TASK BRIEF
Nothing but the pictures should be left out when the entries below are duplicated.

STUDY MATERIAL
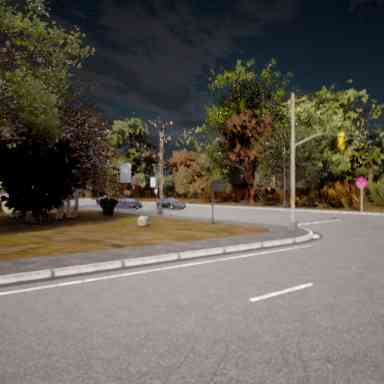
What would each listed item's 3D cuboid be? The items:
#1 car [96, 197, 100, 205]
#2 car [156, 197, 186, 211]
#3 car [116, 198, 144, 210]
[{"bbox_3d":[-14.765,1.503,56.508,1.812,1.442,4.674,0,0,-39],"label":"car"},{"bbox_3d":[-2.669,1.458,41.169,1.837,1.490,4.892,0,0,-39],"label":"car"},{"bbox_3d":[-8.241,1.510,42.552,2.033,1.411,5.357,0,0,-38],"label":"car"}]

WRITTEN SOLUTION
What would each listed item's 3D cuboid be? The items:
#1 car [96, 197, 100, 205]
#2 car [156, 197, 186, 211]
#3 car [116, 198, 144, 210]
[{"bbox_3d":[-14.765,1.503,56.508,1.812,1.442,4.674,0,0,-39],"label":"car"},{"bbox_3d":[-2.669,1.458,41.169,1.837,1.490,4.892,0,0,-39],"label":"car"},{"bbox_3d":[-8.241,1.510,42.552,2.033,1.411,5.357,0,0,-38],"label":"car"}]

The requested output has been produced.